However, there are many challenges that WSNs have to face
besides the energy problem, including sensor nodes’ fragility,
data transmission handling, limited coverage, connectivity
assurance and network fault-tolerance. In reality, WSNs are
mostly deployed in harsh environmental conditions and
terrains where people can hardly reach; thus, making it harder
to perform system maintenance.
According to in-depth surveys on the field [1], coverage,
connectivity and fault-tolerance in WSNs are major
optimization problems.
As for coverage criterion, the coverage of sensor nodes is
decided by its radius whose magnitude depends on the
configuration of each individual sensor after manufacture.

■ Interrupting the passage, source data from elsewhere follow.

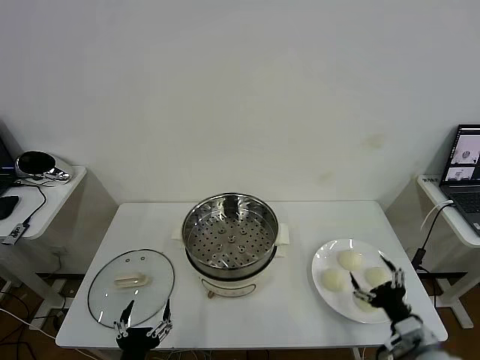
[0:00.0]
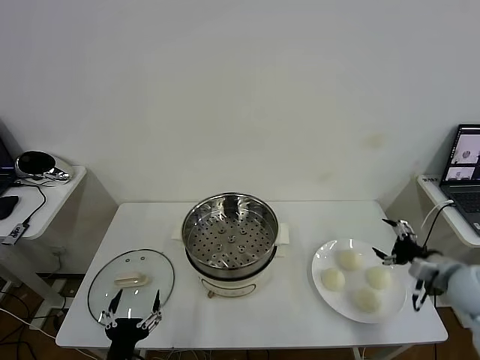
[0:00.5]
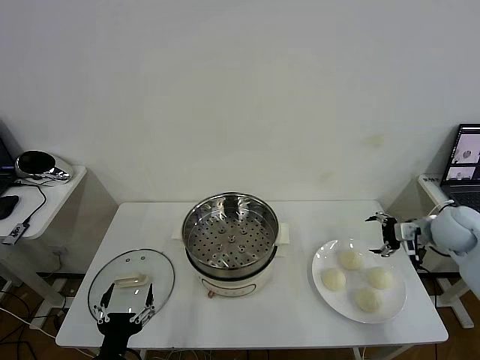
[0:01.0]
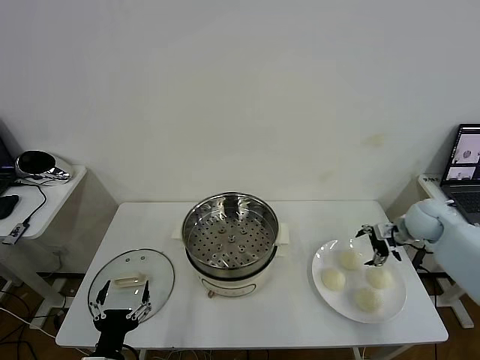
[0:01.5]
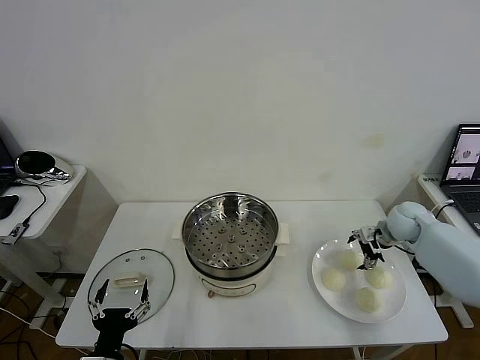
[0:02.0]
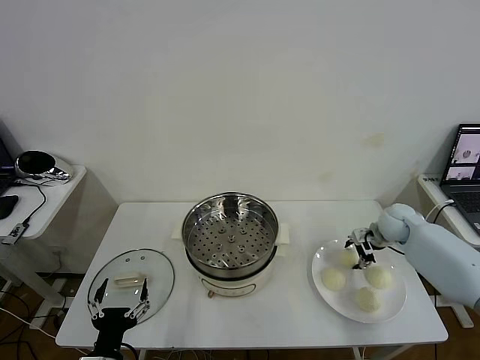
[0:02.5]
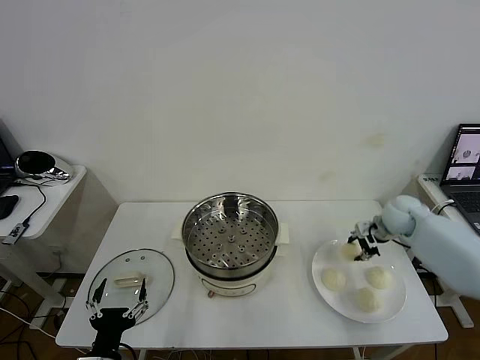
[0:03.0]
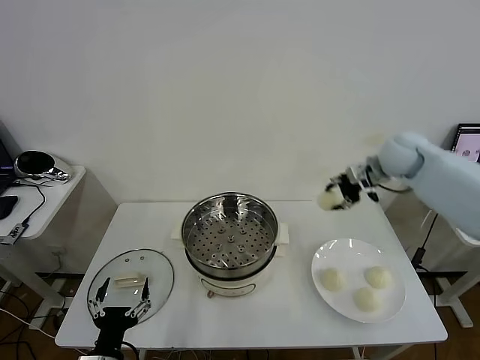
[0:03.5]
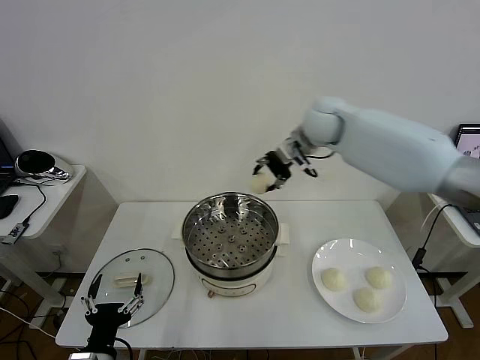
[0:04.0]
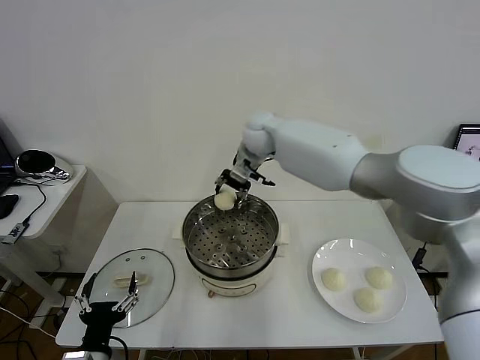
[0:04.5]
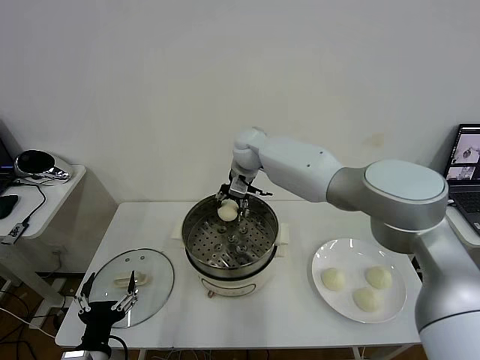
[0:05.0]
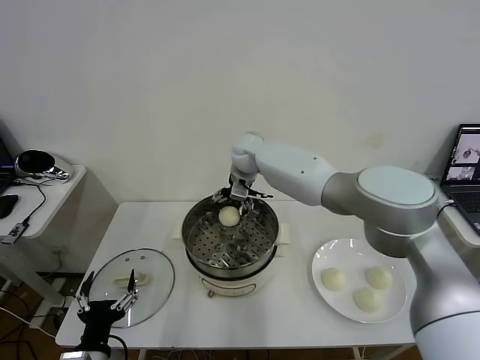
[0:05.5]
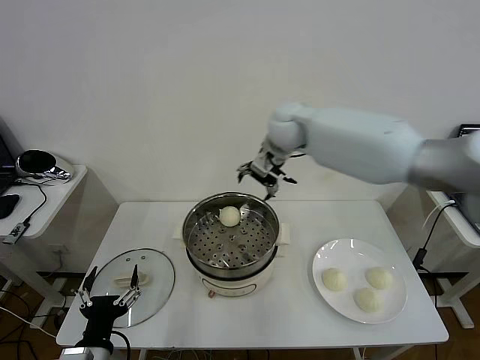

There are three types of coverage problems including target
coverage, area coverage, and barrier coverage. This paper
considers the target coverage, which illustrates how well a set
of given targets is monitored. Consequently, it is expected to
cover each target by at least one sensor node. Similarly, the
quality of WSN systems depends on its connectivity, such that
information about a target is transmitted to the base station
successfully in every cycle. The network connectivity depends
primarily on the deployed topography of nodes in the network.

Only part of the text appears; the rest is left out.